PROBLEM DETAILS: Transcribe exactly the line that contains "Do the same for the pudding" and every line after it through the end of the records, with nothing else.

------------------------------------

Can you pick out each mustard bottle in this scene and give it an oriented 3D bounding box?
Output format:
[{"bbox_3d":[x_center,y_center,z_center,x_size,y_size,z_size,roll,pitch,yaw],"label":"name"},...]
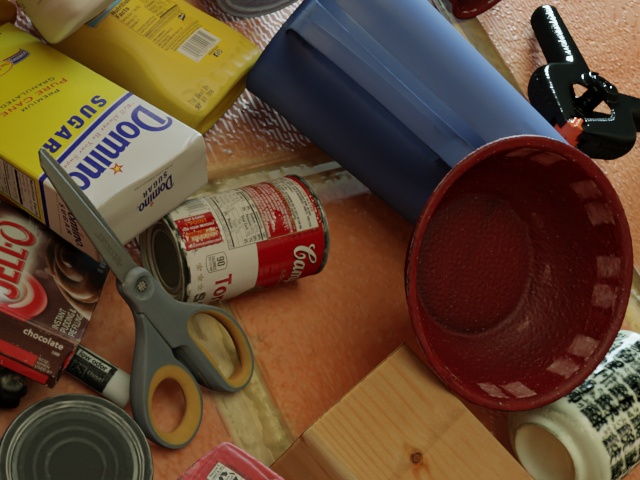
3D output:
[{"bbox_3d":[-0.140,-0.152,0.734,0.191,0.058,0.096,35,48,0],"label":"mustard bottle"}]

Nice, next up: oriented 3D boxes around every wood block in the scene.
[{"bbox_3d":[0.076,0.173,0.608,0.206,0.090,0.090,47,55,9],"label":"wood block"}]

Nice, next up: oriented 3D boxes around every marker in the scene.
[{"bbox_3d":[-0.160,0.058,0.621,0.121,0.020,0.020,33,53,-2],"label":"marker"}]

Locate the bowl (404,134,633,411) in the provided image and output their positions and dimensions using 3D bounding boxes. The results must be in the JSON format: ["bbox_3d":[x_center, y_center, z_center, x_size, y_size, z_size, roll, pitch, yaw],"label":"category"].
[{"bbox_3d":[0.108,0.018,0.639,0.161,0.055,0.162,-3,96,-27],"label":"bowl"}]

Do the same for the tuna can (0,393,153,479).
[{"bbox_3d":[-0.135,0.127,0.579,0.086,0.034,0.086,11,57,-17],"label":"tuna can"}]

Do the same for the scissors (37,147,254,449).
[{"bbox_3d":[-0.106,0.045,0.586,0.201,0.016,0.096,44,63,-42],"label":"scissors"}]

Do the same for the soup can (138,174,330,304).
[{"bbox_3d":[-0.054,0.001,0.671,0.102,0.069,0.068,-15,67,-29],"label":"soup can"}]

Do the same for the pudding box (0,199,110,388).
[{"bbox_3d":[-0.170,0.024,0.592,0.090,0.039,0.113,27,19,-12],"label":"pudding box"}]

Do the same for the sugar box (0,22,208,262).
[{"bbox_3d":[-0.162,-0.065,0.643,0.176,0.048,0.093,29,50,26],"label":"sugar box"}]

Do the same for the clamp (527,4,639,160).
[{"bbox_3d":[0.223,-0.108,0.849,0.164,0.036,0.209,35,34,-1],"label":"clamp"}]

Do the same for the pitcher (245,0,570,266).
[{"bbox_3d":[0.074,-0.077,0.734,0.243,0.145,0.149,42,52,2],"label":"pitcher"}]

------------------------------------

FINISHED EXERCISE:
Do the same for the pudding box (0,199,110,388).
[{"bbox_3d":[-0.170,0.024,0.592,0.090,0.039,0.113,27,19,-12],"label":"pudding box"}]

Do the same for the sugar box (0,22,208,262).
[{"bbox_3d":[-0.162,-0.065,0.643,0.176,0.048,0.093,29,50,26],"label":"sugar box"}]

Do the same for the clamp (527,4,639,160).
[{"bbox_3d":[0.223,-0.108,0.849,0.164,0.036,0.209,35,34,-1],"label":"clamp"}]

Do the same for the pitcher (245,0,570,266).
[{"bbox_3d":[0.074,-0.077,0.734,0.243,0.145,0.149,42,52,2],"label":"pitcher"}]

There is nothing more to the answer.